→ Information given
▶

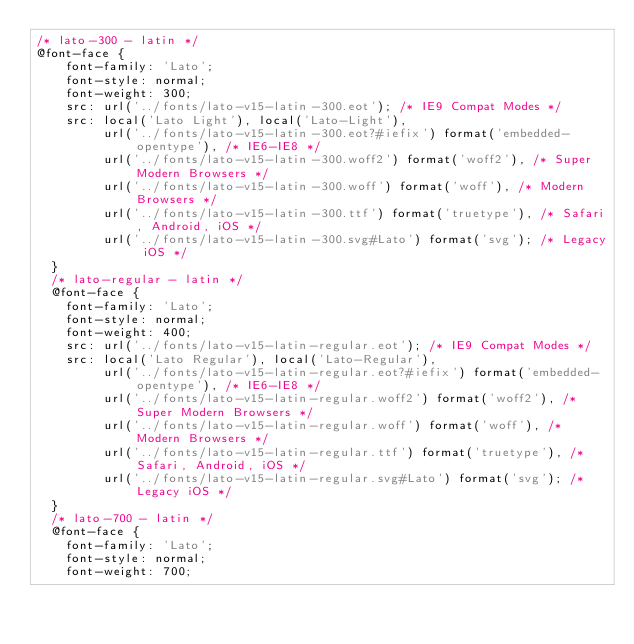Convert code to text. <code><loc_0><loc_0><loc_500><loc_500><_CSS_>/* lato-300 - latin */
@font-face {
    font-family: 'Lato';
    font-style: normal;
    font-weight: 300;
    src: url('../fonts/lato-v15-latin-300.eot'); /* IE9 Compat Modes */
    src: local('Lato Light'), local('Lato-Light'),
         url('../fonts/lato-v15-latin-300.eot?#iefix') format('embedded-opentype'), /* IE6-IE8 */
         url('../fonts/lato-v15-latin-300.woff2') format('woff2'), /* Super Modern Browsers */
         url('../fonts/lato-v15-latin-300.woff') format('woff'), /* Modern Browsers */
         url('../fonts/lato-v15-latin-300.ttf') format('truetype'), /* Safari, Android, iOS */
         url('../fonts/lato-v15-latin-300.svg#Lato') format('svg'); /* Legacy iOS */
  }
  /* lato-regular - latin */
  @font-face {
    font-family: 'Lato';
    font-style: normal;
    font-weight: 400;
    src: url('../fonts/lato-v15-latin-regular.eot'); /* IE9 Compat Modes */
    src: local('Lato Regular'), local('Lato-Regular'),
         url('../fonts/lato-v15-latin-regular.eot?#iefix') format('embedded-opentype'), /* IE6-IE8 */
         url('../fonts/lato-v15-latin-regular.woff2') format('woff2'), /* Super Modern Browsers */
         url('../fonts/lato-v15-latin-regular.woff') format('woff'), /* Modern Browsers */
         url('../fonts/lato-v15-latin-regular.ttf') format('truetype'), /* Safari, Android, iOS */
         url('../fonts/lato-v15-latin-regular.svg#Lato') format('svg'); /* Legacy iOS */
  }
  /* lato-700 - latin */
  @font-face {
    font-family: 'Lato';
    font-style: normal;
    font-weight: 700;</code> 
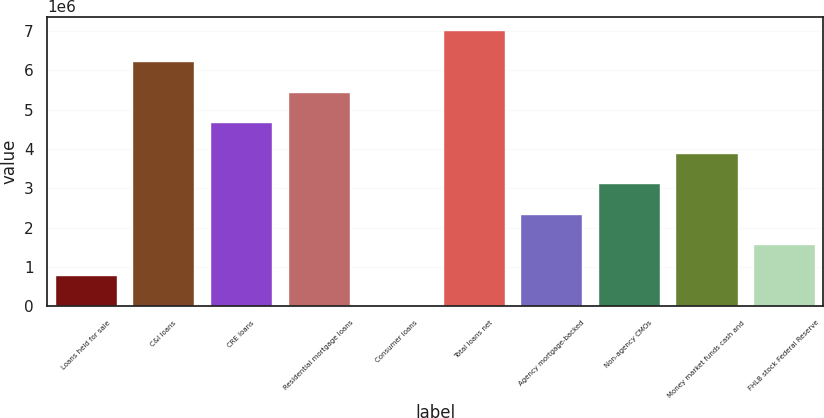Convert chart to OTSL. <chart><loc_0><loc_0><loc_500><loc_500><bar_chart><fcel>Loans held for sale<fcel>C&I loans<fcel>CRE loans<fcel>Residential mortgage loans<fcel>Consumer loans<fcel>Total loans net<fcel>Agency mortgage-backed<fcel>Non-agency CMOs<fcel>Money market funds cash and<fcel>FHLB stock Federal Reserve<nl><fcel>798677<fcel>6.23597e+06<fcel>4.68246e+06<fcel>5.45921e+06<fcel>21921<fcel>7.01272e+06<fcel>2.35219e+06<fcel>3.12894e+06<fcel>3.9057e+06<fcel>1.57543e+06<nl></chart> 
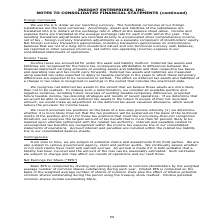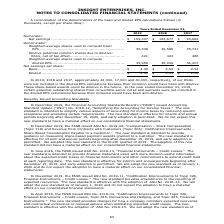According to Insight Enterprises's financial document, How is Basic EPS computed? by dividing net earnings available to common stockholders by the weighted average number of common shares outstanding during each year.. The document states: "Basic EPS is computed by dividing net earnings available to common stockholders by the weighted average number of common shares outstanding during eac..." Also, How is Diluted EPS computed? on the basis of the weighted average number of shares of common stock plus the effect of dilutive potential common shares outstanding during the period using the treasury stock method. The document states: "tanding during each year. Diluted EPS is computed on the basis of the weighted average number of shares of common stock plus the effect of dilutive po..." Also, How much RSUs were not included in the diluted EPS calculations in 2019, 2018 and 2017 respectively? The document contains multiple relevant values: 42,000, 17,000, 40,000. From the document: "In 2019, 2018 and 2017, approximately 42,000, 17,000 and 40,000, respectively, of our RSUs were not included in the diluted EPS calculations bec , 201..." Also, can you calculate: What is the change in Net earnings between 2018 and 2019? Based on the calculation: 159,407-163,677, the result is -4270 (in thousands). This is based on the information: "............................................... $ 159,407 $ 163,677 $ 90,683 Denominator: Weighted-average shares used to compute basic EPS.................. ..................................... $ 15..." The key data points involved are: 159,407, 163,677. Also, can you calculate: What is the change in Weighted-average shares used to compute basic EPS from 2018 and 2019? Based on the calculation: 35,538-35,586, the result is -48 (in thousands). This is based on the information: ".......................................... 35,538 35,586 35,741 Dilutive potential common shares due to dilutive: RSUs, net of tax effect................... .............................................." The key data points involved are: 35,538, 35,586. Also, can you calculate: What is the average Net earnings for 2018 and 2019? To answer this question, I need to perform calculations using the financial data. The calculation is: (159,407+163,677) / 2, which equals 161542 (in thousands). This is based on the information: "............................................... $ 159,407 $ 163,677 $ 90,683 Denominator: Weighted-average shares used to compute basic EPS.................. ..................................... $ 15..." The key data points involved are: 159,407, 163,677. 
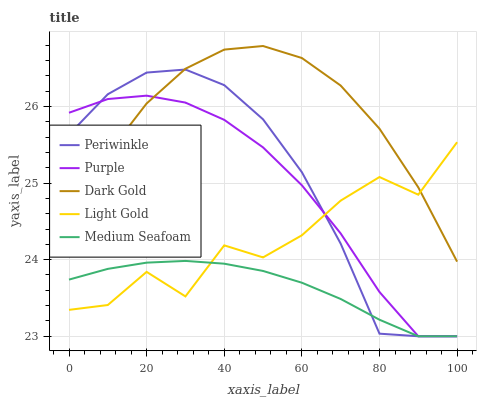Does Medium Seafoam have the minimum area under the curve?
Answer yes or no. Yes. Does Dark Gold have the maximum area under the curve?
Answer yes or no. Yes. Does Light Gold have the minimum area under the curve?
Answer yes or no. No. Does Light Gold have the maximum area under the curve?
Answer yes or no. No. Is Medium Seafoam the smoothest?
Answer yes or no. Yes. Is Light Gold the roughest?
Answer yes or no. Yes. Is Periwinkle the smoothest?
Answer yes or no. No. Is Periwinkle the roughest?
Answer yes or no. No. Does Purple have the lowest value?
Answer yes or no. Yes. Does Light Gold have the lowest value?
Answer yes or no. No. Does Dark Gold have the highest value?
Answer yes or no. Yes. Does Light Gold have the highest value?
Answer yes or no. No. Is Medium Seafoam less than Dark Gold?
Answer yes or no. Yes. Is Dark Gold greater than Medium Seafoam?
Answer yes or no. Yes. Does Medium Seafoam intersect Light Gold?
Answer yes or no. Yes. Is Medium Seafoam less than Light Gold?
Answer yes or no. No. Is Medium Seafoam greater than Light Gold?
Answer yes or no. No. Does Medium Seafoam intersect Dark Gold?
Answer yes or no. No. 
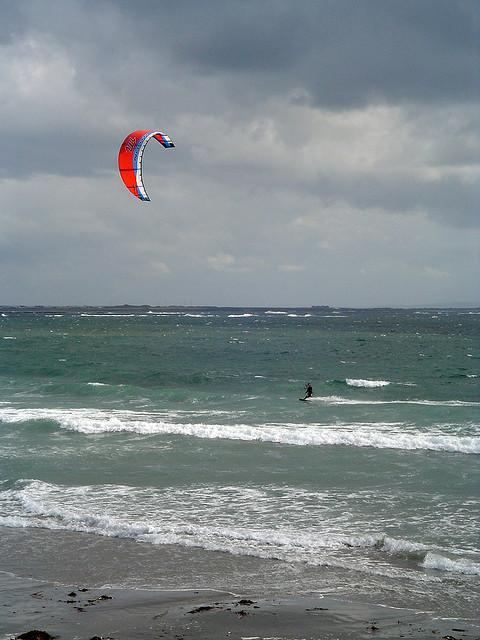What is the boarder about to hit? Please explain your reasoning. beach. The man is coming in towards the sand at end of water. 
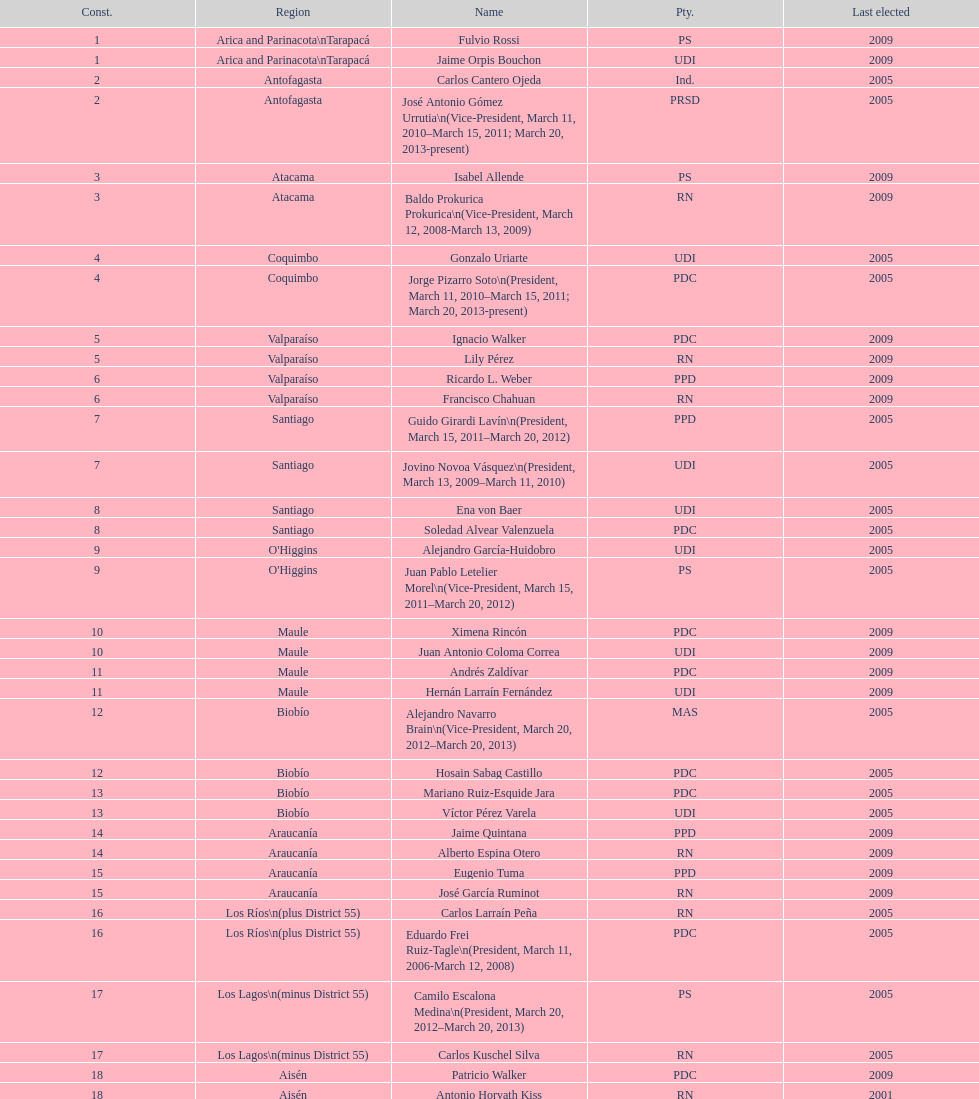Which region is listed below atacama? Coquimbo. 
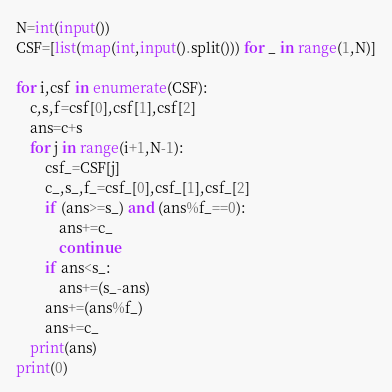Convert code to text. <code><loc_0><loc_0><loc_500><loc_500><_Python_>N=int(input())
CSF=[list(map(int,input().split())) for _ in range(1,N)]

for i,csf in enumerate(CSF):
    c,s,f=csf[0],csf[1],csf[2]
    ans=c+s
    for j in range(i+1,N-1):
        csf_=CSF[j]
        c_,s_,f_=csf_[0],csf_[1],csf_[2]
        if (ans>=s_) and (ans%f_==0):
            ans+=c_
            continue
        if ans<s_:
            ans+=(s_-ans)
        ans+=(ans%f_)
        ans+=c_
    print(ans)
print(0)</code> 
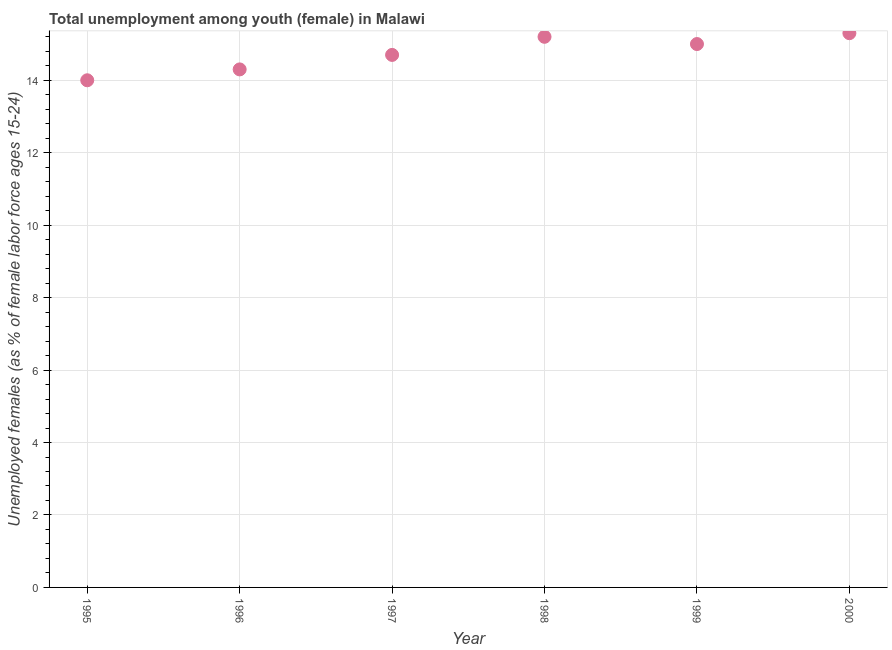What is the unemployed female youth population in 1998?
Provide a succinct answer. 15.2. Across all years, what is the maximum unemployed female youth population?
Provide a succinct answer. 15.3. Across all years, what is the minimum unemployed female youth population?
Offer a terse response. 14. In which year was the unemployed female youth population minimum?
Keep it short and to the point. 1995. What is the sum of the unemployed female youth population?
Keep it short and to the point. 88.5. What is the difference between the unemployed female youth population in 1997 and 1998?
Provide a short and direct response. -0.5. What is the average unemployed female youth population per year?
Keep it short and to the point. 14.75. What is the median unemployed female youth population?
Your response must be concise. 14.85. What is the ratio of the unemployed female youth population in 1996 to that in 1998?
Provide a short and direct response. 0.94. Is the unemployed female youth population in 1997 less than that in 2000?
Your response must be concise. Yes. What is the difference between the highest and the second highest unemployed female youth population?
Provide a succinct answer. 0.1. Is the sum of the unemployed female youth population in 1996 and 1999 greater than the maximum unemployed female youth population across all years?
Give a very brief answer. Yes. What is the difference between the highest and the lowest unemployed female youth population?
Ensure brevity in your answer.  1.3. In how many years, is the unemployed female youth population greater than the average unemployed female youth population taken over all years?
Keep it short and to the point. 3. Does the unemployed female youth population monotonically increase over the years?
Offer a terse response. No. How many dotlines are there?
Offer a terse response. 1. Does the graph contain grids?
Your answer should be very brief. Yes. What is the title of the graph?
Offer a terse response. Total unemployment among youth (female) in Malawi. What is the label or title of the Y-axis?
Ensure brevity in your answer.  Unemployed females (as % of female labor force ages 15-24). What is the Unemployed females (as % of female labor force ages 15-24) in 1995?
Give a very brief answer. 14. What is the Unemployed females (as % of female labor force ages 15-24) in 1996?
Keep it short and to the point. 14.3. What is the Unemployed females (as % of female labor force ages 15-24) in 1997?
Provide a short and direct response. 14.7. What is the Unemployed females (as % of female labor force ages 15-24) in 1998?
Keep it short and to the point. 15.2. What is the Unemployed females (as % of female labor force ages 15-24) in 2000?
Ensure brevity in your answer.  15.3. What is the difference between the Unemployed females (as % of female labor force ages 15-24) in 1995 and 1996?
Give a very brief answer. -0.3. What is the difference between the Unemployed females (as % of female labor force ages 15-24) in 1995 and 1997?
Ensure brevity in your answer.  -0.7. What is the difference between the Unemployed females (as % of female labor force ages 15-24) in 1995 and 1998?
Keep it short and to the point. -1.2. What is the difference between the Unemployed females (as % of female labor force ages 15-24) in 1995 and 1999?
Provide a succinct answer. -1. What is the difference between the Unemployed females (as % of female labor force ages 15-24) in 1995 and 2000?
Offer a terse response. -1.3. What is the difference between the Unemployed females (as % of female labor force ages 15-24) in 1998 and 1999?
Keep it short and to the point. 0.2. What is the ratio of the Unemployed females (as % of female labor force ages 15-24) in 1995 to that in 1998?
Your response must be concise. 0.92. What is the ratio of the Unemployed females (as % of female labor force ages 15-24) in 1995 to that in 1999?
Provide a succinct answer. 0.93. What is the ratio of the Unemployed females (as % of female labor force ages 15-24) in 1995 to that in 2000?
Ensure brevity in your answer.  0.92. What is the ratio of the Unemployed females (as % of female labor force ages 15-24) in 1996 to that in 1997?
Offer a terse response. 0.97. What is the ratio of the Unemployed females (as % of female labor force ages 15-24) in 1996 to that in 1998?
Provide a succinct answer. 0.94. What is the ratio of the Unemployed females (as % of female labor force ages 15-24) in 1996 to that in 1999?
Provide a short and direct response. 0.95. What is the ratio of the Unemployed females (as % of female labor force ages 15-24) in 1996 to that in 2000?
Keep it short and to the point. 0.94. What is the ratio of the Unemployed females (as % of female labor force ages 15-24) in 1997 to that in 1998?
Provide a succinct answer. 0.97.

◀

→ What is required
Using the entries above, repeat exactly the lines from the one with "Answer yes or no. No. Is Medium Seafoam less" to the one with "Keep it short and to the point. 14.75.", both included, and leave the pictures behind.

→ Answer section
Answer yes or no. No. Is Medium Seafoam less than Dark Gold?
Answer yes or no. Yes. Is Dark Gold greater than Medium Seafoam?
Answer yes or no. Yes. Does Medium Seafoam intersect Light Gold?
Answer yes or no. Yes. Is Medium Seafoam less than Light Gold?
Answer yes or no. No. Is Medium Seafoam greater than Light Gold?
Answer yes or no. No. Does Medium Seafoam intersect Dark Gold?
Answer yes or no. No. 
What is the boarder about to hit? Please explain your reasoning. beach. The man is coming in towards the sand at end of water. 
Which region is listed below atacama? Coquimbo. 
Convert code to text. <code><loc_0><loc_0><loc_500><loc_500><_Python_>N=int(input())
CSF=[list(map(int,input().split())) for _ in range(1,N)]

for i,csf in enumerate(CSF):
    c,s,f=csf[0],csf[1],csf[2]
    ans=c+s
    for j in range(i+1,N-1):
        csf_=CSF[j]
        c_,s_,f_=csf_[0],csf_[1],csf_[2]
        if (ans>=s_) and (ans%f_==0):
            ans+=c_
            continue
        if ans<s_:
            ans+=(s_-ans)
        ans+=(ans%f_)
        ans+=c_
    print(ans)
print(0)</code> 
What is the unemployed female youth population in 1998?
Provide a succinct answer. 15.2. Across all years, what is the maximum unemployed female youth population?
Provide a succinct answer. 15.3. Across all years, what is the minimum unemployed female youth population?
Offer a terse response. 14. In which year was the unemployed female youth population minimum?
Keep it short and to the point. 1995. What is the sum of the unemployed female youth population?
Keep it short and to the point. 88.5. What is the difference between the unemployed female youth population in 1997 and 1998?
Provide a short and direct response. -0.5. What is the average unemployed female youth population per year?
Keep it short and to the point. 14.75. What is the median unemployed female youth population?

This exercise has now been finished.